John Taylor is the president and chief executive officer of the National Community Reinvestment Coalition in Washington who wrote How to Insulate Appraisers from Production Staff [American Banker]. He states that:
We believe that appraisal inflation is so pervasive that it requires this type of action. Over 8,000 appraisers have signed a petition circulated by the Appraisal Institute alerting the public to this pressure and warning them that their home may be overvalued. A recent survey of appraisers found that half had been pressured to increase appraisals by 10% or more.
His suggestions to reduce appraisal pressure is to:
- Restructure internal operations so that loan officers do not select or interact at all with appraisers or approve them for rotating lists.
- Isolate mortgage brokers from the appraisal process in the same manner.
- Hire independent appraisers or appraisal management companies. Do not hire an appraisal company that is a subsidiary of the lender ordering the appraisal or of the title company supplying the title, because all stand to gain financially from a higher home price.

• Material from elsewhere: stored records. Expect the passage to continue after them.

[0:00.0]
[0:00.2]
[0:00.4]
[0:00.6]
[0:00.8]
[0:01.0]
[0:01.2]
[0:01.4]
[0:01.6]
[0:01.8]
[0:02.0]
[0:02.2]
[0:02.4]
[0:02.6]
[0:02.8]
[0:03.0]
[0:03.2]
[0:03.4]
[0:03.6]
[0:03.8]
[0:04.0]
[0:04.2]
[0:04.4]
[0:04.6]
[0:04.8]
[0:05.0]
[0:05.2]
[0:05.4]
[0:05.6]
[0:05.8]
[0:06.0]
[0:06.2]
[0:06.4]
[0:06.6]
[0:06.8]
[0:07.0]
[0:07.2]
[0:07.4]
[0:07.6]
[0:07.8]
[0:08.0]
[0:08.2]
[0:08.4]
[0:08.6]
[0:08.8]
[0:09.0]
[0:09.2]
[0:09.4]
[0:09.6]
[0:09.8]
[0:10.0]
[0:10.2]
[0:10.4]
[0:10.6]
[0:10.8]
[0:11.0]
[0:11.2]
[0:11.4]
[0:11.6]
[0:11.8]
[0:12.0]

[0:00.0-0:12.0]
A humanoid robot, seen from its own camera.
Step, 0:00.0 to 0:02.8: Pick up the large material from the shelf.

- Never depend solely on automated valuation for an appraisal; each home must be seen by a qualified appraiser.
- Sign a code of conduct developed by the Center for Responsible Appraisals and Valuations, agreeing to resolve differences between themselves and appraisers through the center’s arbitration pro-cess.

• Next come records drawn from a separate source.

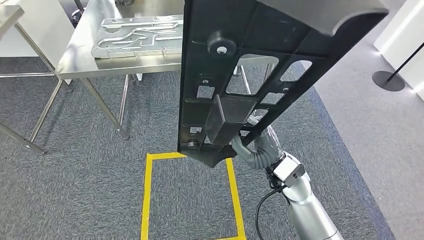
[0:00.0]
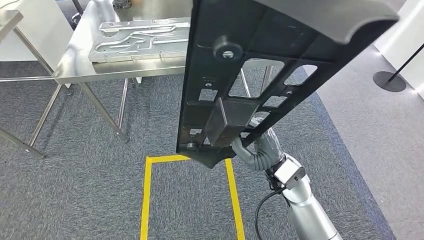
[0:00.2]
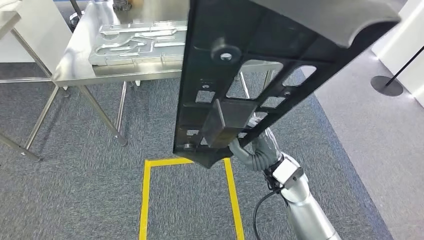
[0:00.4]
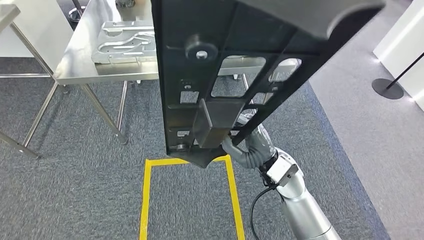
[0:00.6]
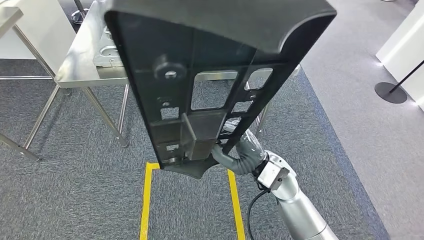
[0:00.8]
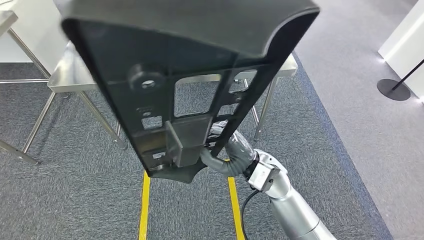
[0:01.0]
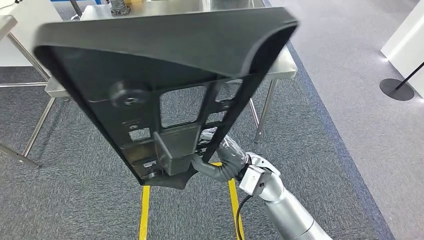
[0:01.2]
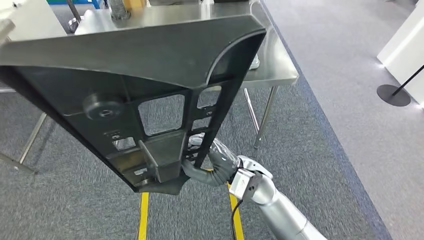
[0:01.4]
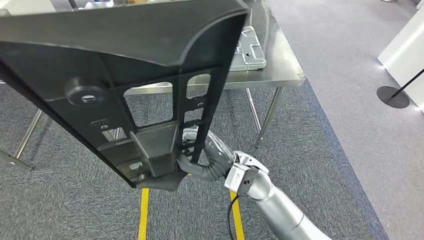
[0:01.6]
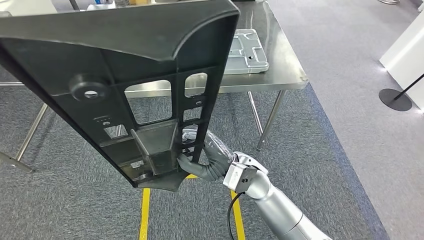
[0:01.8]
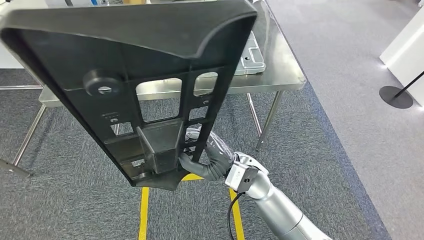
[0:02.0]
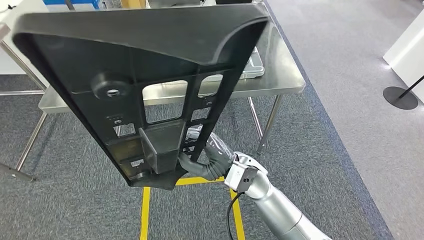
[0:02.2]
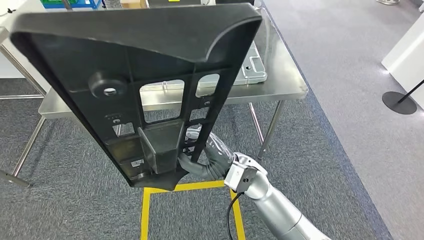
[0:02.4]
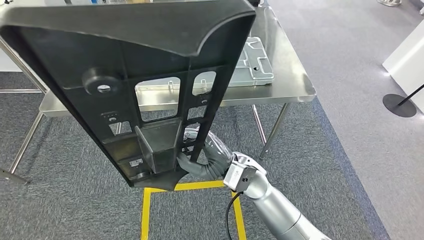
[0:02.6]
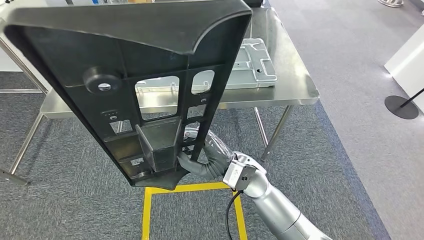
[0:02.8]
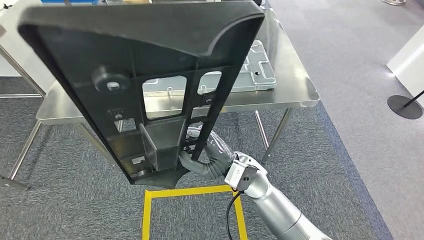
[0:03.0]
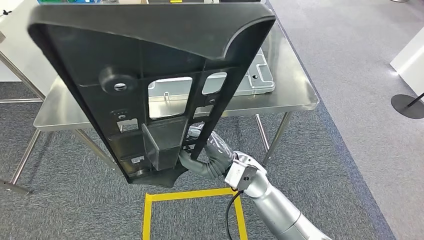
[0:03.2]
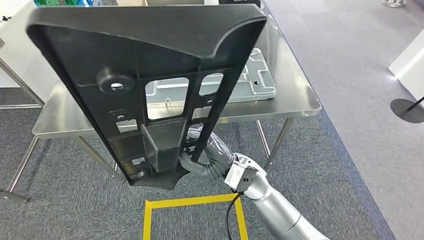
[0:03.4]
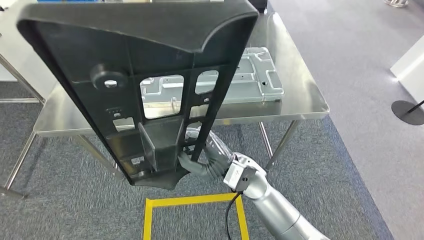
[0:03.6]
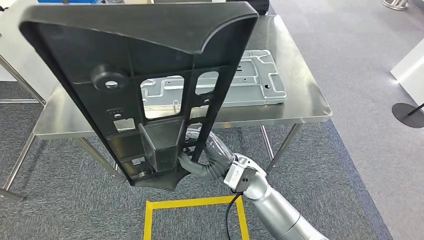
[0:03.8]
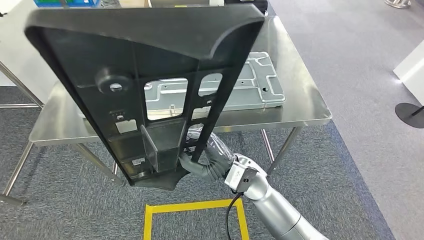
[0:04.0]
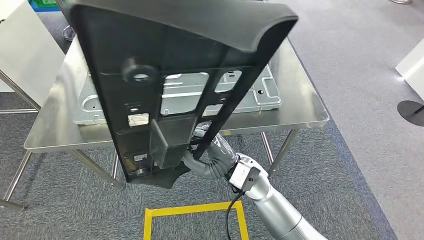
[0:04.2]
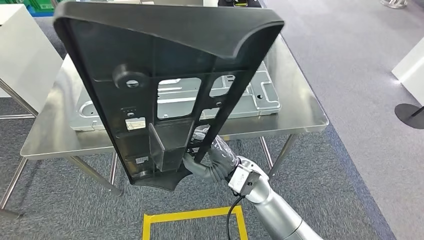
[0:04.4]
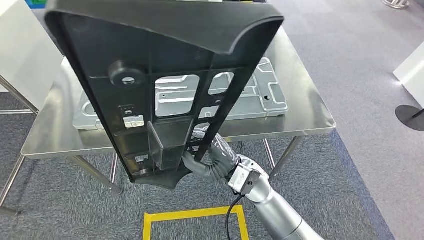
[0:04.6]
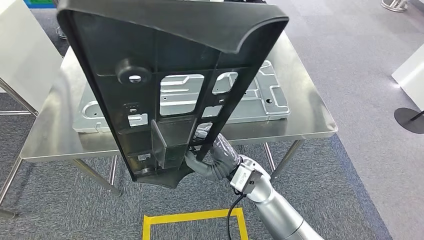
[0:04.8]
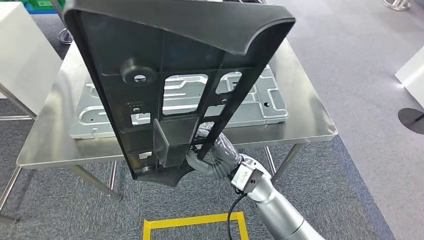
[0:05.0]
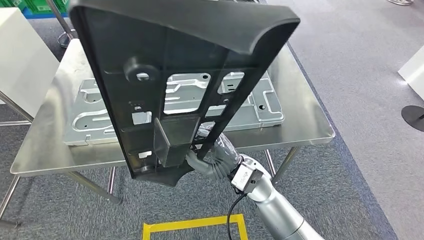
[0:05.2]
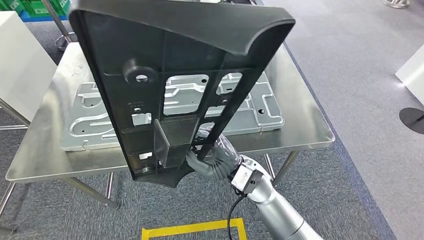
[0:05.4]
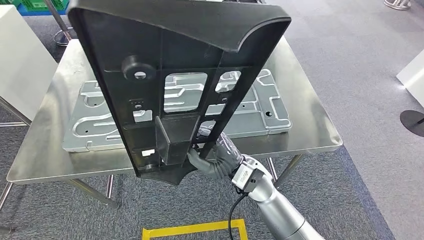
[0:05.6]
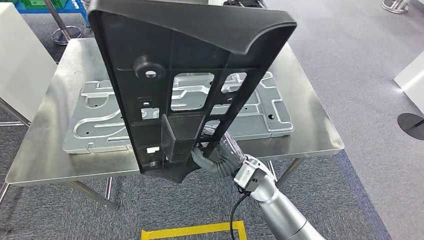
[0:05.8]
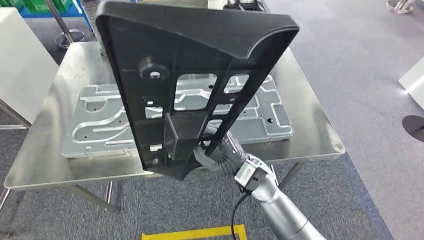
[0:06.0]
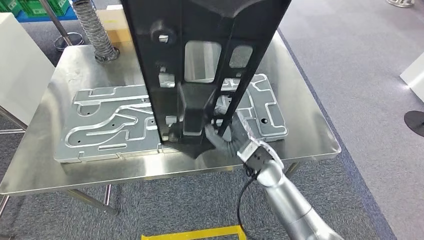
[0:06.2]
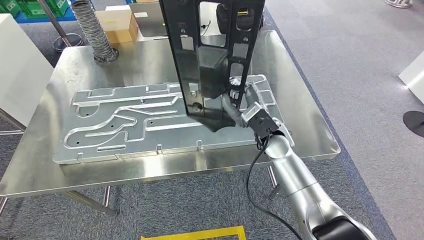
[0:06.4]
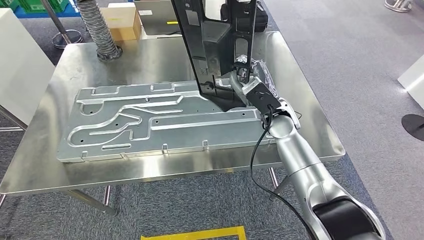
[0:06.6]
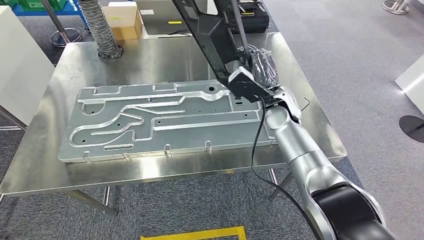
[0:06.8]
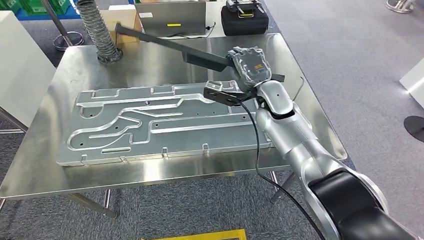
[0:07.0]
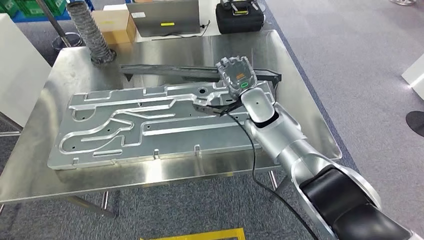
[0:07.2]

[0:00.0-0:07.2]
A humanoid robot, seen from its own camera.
Step, 0:00.0 to 0:04.0: Move the large material to the workbench.

Federal regulators, such as the Office of the Comptroller of the Currency, have urged lenders to ensure the independence of appraisers from their loan production staff. Creating this independence, however, requires more than a few superficial steps that an aggressive loan production staff can easily dodge. Lenders must build a corporate structure that does more than simply hide the conflict of interest.
Currently, there is no promising solution for this problem. Associations that represent lenders and appraisers generally tout self-policing or the pending Responsible Lending Act (HR 1295) bill (which is currently stalled in Congress), but these issues amount to window dressing since the problems are inherent in the structure of the lending system and don’t address appraiser indepenedence.
A potential solution is not politically popular since few representatives want to go on record with a solution that will potentially increase loan application costs (near-term) and reduce turn around times.